- _What to do_:
Nothing but the lines below between the line holding "Numbers: x, y, z, sx, sy, sz, roll, pitch, yaw. Metres" and the line holding "With a single", inclusive, should appear in the answer, each set down exactly.

- _Input data_:
++++++++++
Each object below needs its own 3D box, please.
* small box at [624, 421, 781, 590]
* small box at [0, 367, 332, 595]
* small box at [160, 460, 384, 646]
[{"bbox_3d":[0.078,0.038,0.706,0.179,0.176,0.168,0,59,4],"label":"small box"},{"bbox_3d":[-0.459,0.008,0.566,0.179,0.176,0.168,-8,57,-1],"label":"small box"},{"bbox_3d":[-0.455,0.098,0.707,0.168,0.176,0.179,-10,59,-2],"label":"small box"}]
++++++++++
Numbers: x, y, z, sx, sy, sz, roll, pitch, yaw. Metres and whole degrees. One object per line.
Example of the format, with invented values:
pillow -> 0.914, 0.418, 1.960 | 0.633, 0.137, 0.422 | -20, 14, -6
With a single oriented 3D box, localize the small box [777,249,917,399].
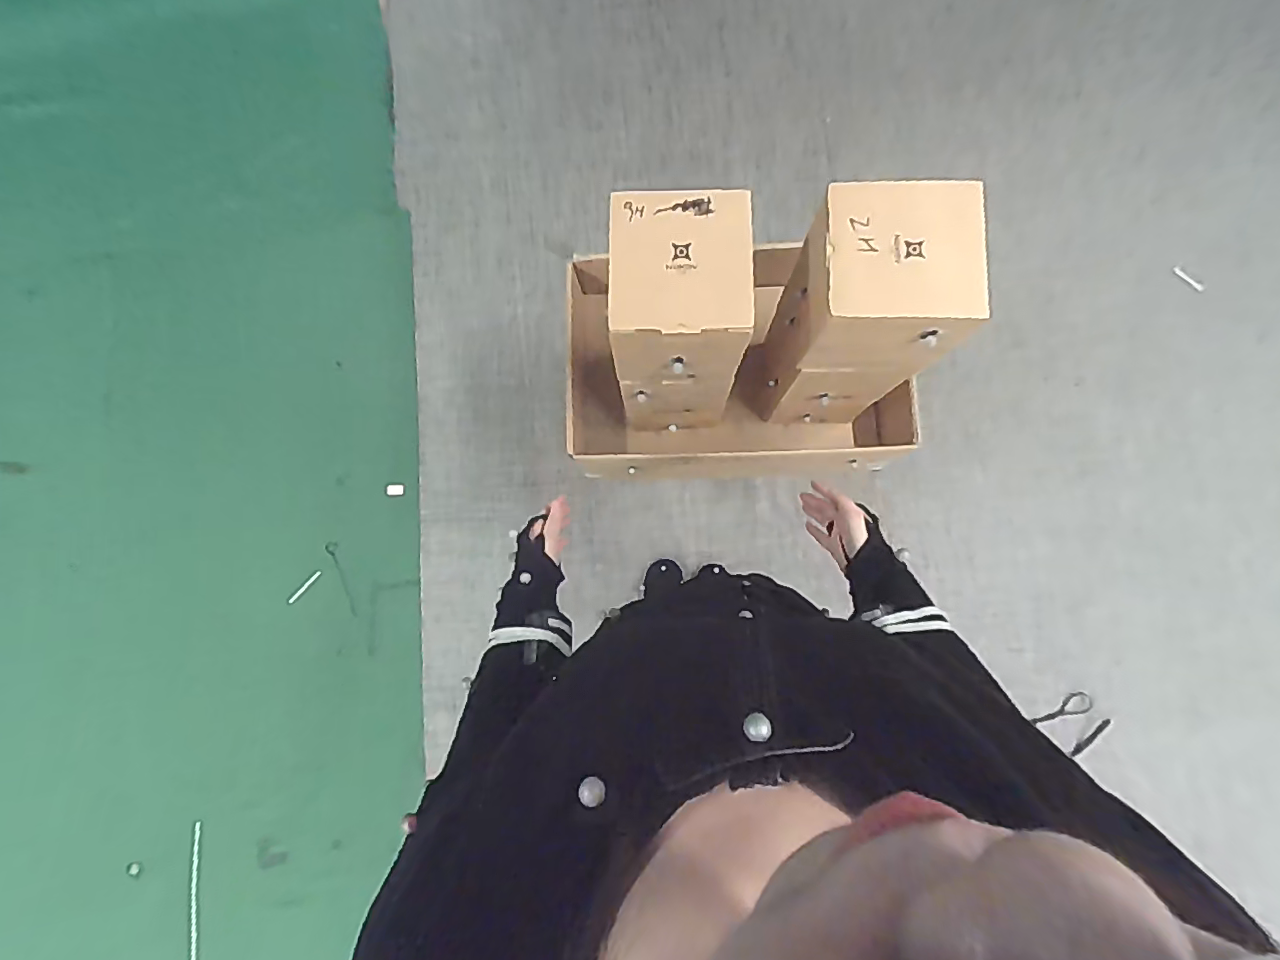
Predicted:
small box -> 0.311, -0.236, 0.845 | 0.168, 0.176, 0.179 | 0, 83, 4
++++++++++
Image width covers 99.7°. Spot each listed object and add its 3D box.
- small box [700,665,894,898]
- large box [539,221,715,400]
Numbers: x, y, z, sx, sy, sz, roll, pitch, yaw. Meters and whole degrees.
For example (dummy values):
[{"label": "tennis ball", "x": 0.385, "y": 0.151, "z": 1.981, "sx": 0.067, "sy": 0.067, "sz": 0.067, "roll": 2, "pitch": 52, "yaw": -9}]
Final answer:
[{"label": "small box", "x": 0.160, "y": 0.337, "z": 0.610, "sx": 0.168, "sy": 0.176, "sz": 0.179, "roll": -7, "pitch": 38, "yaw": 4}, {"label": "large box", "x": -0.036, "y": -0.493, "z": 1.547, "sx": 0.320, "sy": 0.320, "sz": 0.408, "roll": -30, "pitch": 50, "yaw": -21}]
++++++++++
- _Written answer_:
Numbers: x, y, z, sx, sy, sz, roll, pitch, yaw. Metres and whole degrees. One object per line.
Example of the format, with invented values:
pillow -> 0.914, 0.418, 1.960 | 0.633, 0.137, 0.422 | -20, 14, -6
With a single oriented 3D box, localize the small box [777,249,917,399].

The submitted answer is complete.